Hugh Graham will be one of the first to tell you that breeding horses is far from an exact science.
It’s a recipe made up of careful matching of bloodlines and trusting fate, with a healthy sprinkle of optimism for good measure.

The breeding program Graham and Seymour Epstein developed at KingRidge Stables now has more than 75 offspring to its name, with many talented prospects coming of age.

The headliner at the moment is Executive Privilege 3E, a classy gray Canadian Sport Horse gelding. Graham rode him to the top of the $82,076 Caledon Cup Final CSI-W on Sept. 27 in Palgrave, Ont.

“This was the biggest track he’s seen, but he handled it really well—he jumped around like a hunter,” Graham said of the 9-year-old gelding. “I was impressed. I haven’t seen the video yet, but I know what it felt like. It felt pretty easy for him.”

Just four of the 28 starters qualified for the jump-off, and Graham, who was 26th in the original order, had the advantage of going last in the second round. He and Executive Privilege 3E easily shaved a full second off second-placed Yann Candele’s time aboard Mustique.

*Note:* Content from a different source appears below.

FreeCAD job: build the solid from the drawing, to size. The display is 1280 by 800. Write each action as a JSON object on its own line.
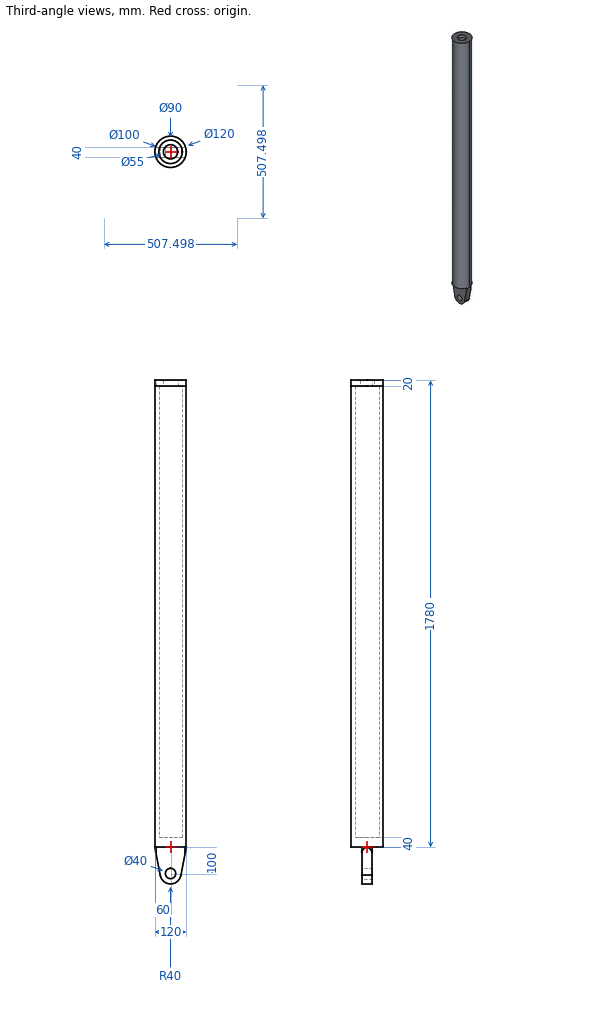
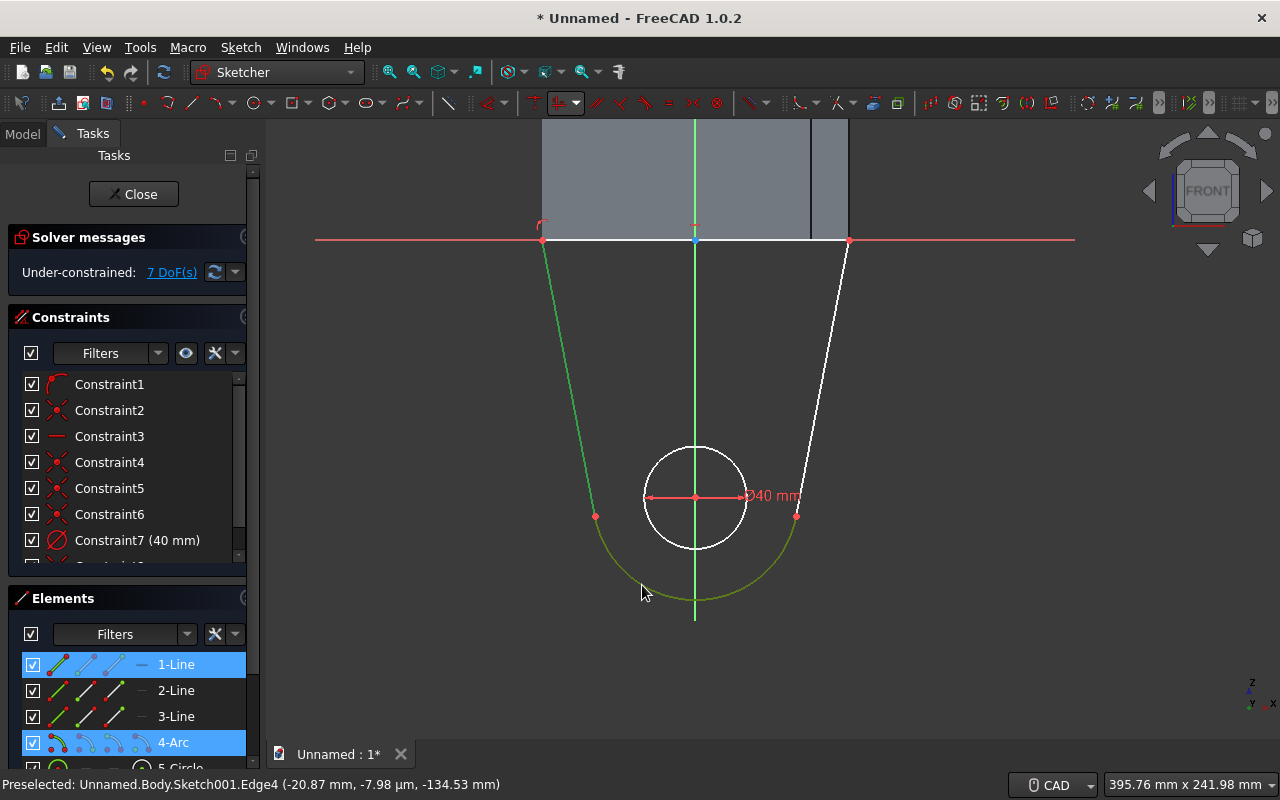
{"action": "left_click", "coordinate": [646, 104]}

“He’s very competitive in jump-offs—he’s very quick and handy,” Graham said. “He may have an unlucky rail here and there, but I always come out of the ring thinking he jumped great. He always gives you a really good feeling off the ground. He’s a trier.”

Graham broke Executive Privilege 3E as a 2-year-old, and after a brief stint in the pre-green hunters the gelding switched to the young jumper divisions and was quite successful there at 7 and 8. He won a few smaller grand prix classes in 2008, then began stepping up the ranks this year.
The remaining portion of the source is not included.